* [PROBLEM STATEMENT] Repeat each entry as written, dropping any picture you find.

* [THE RECORDS]
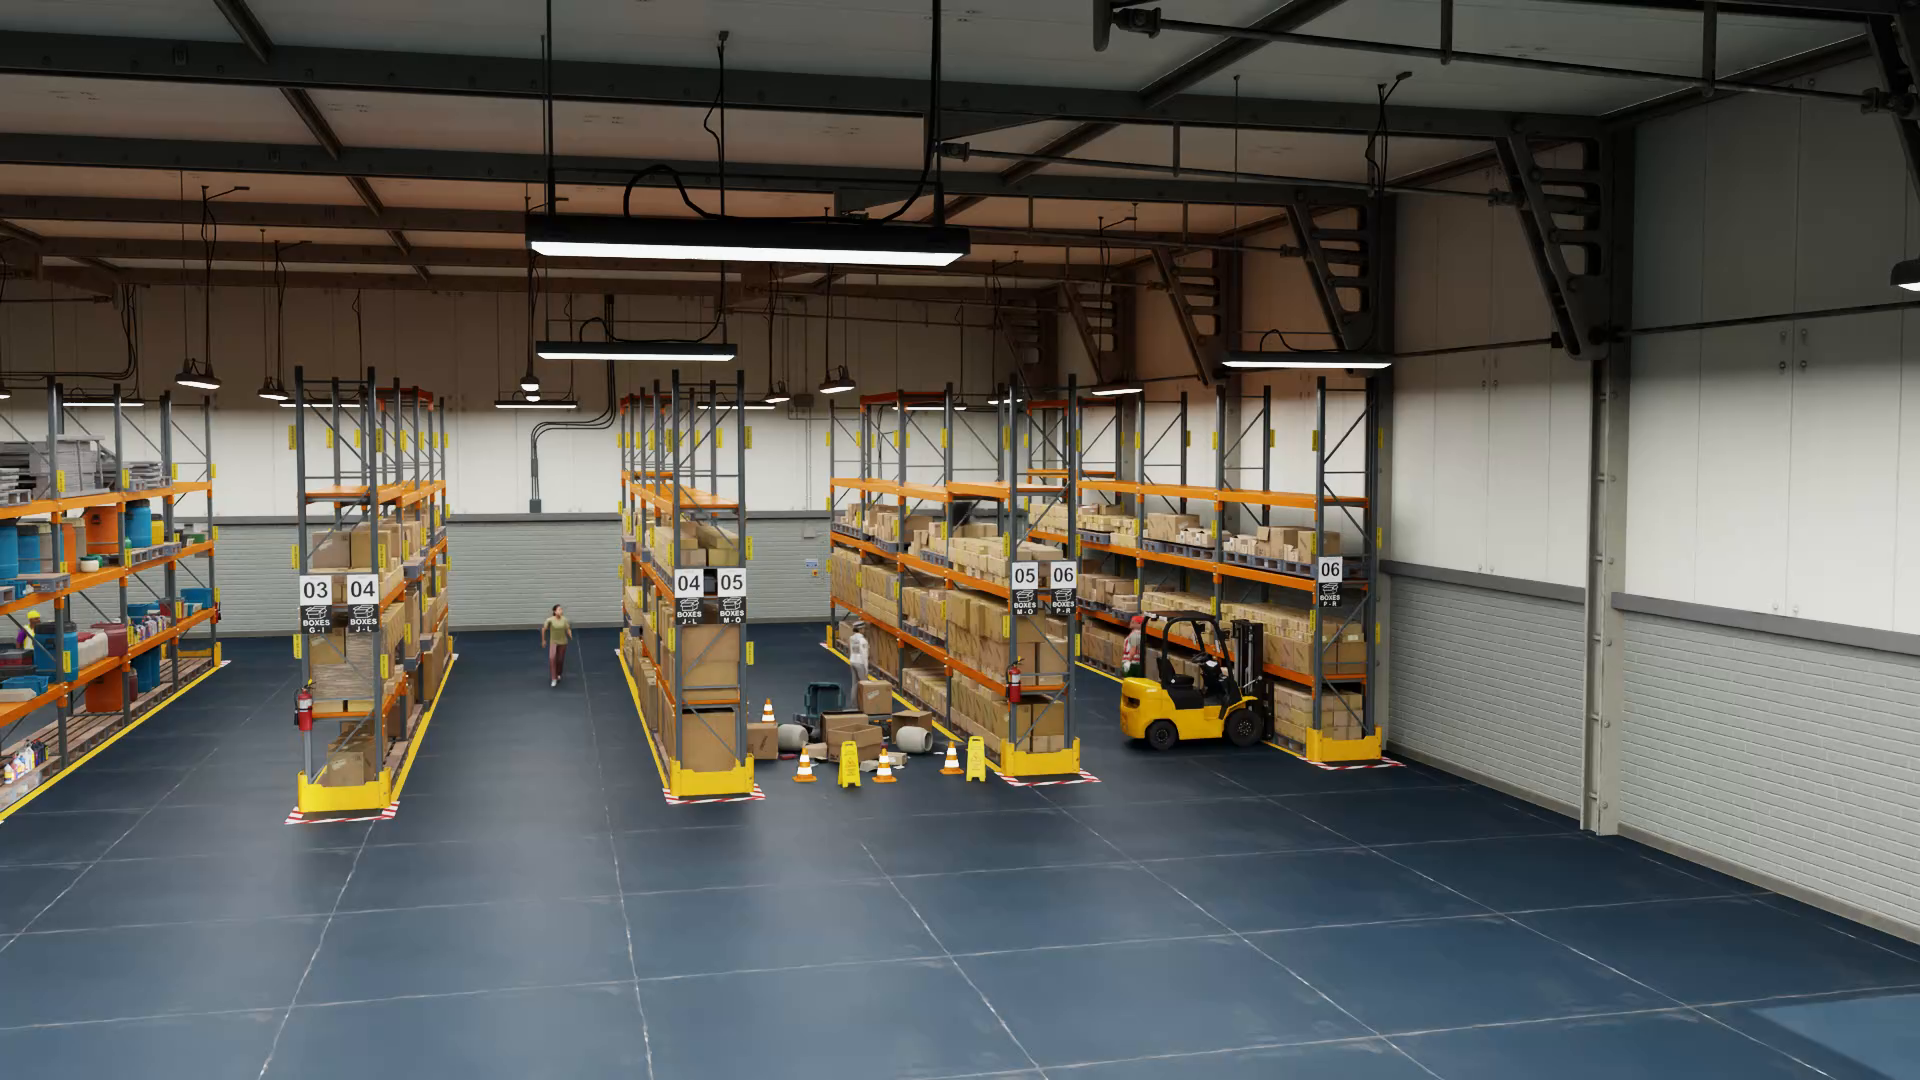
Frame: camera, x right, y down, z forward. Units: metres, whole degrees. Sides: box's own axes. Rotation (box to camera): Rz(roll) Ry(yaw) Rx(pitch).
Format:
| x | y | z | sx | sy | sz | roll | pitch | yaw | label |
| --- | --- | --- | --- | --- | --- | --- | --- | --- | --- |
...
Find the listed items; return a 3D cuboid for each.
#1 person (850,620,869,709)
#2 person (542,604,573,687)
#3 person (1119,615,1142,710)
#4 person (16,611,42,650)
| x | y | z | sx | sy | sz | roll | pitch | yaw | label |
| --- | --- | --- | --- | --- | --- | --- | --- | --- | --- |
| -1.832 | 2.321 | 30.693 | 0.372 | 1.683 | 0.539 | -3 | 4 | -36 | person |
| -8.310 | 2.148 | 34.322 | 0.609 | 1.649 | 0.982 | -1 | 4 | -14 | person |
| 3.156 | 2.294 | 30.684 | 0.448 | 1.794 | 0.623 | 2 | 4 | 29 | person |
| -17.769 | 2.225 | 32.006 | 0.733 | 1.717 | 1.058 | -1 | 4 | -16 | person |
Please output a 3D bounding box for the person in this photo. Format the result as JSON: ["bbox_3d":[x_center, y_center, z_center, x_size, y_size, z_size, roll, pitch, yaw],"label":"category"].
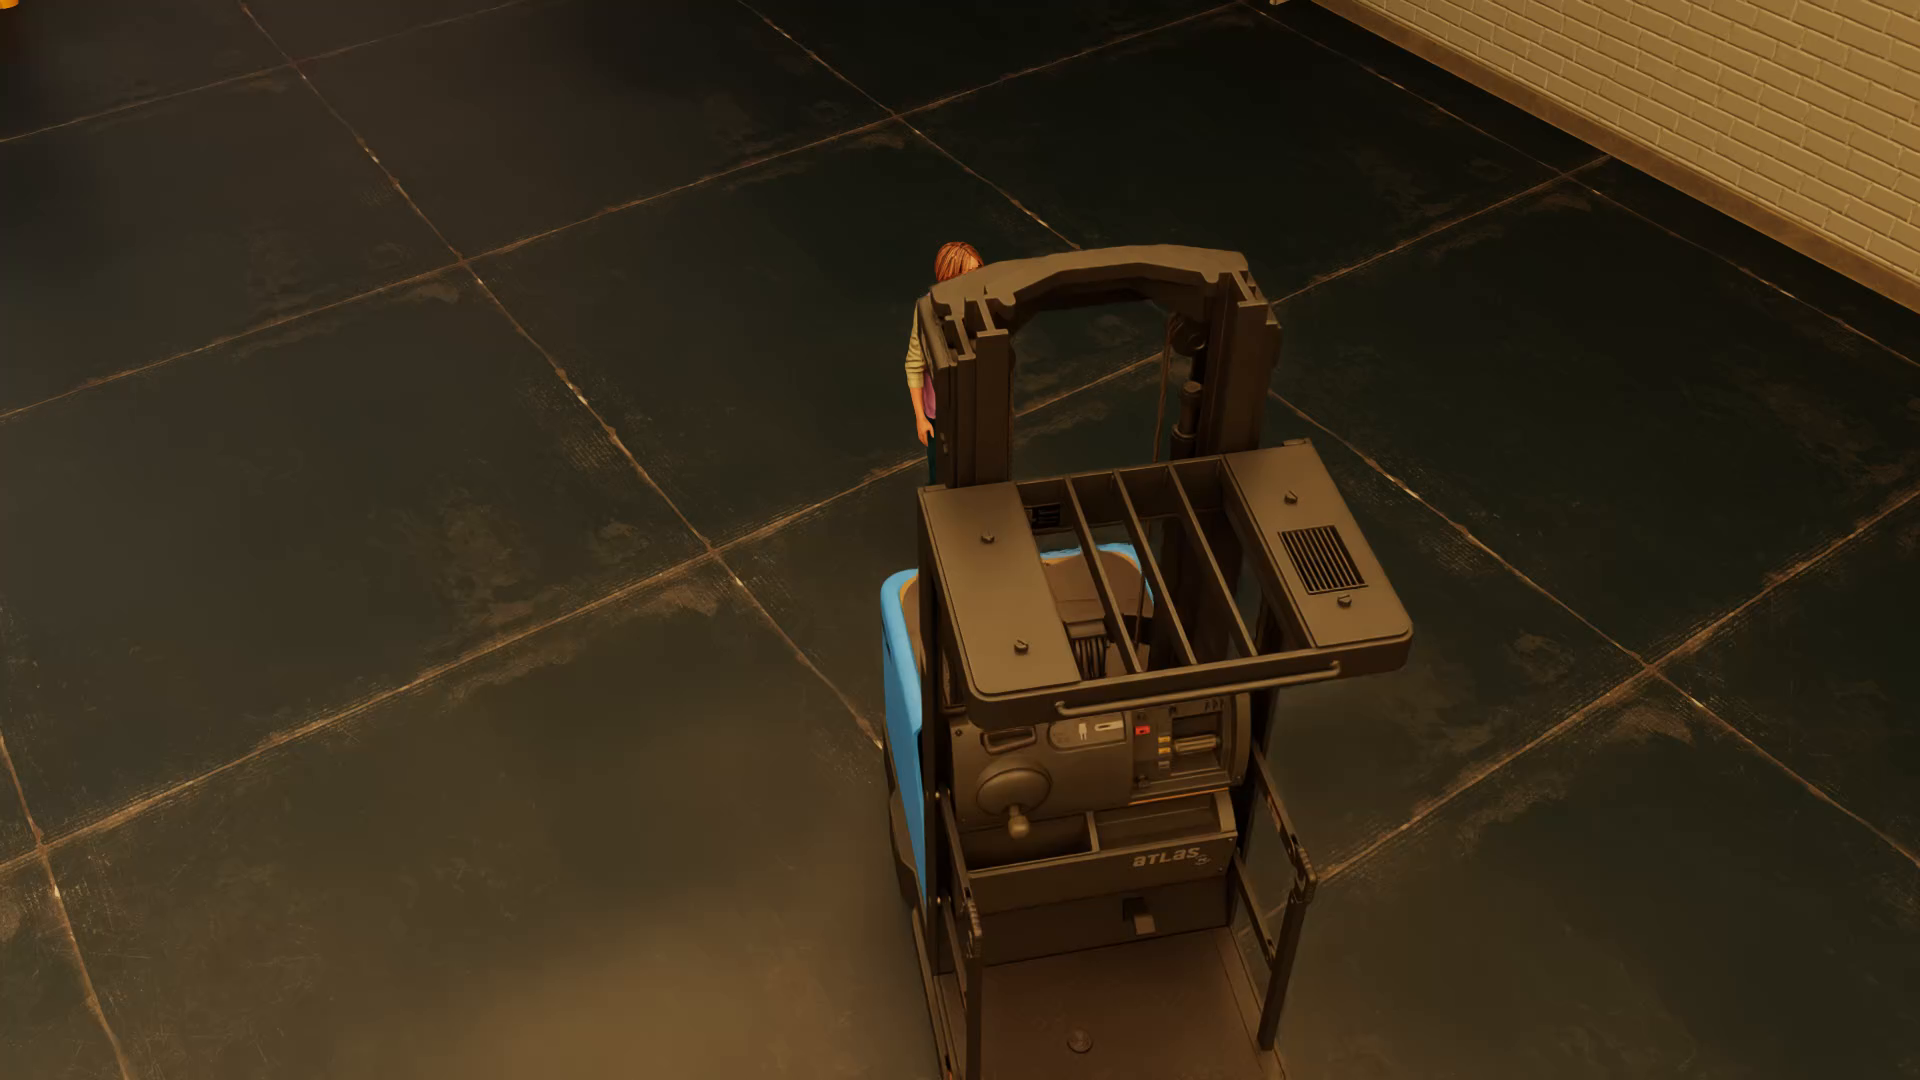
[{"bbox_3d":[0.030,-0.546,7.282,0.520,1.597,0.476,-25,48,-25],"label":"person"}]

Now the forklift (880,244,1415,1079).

* [SOLUTION TO THIS EXERCISE]
Frame: camera, x right, y down, z forward. Units: metres, whole degrees. Sides: box's own axes. Rotation (box to camera): Rz(roll) Ry(yaw) Rx(pitch).
Format:
| x | y | z | sx | sy | sz | roll | pitch | yaw | label |
| --- | --- | --- | --- | --- | --- | --- | --- | --- | --- |
...
Find the listed items; return a 3D cuboid for each.
#1 person (850,620,869,709)
#2 person (542,604,573,687)
#3 person (1119,615,1142,710)
#4 person (16,611,42,650)
| x | y | z | sx | sy | sz | roll | pitch | yaw | label |
| --- | --- | --- | --- | --- | --- | --- | --- | --- | --- |
| -1.832 | 2.321 | 30.693 | 0.372 | 1.683 | 0.539 | -3 | 4 | -36 | person |
| -8.310 | 2.148 | 34.322 | 0.609 | 1.649 | 0.982 | -1 | 4 | -14 | person |
| 3.156 | 2.294 | 30.684 | 0.448 | 1.794 | 0.623 | 2 | 4 | 29 | person |
| -17.769 | 2.225 | 32.006 | 0.733 | 1.717 | 1.058 | -1 | 4 | -16 | person |
Please output a 3D bounding box for the person in this photo. Format the result as JSON: ["bbox_3d":[x_center, y_center, z_center, x_size, y_size, z_size, roll, pitch, yaw],"label":"category"].
[{"bbox_3d":[0.030,-0.546,7.282,0.520,1.597,0.476,-25,48,-25],"label":"person"}]

Now the forklift (880,244,1415,1079).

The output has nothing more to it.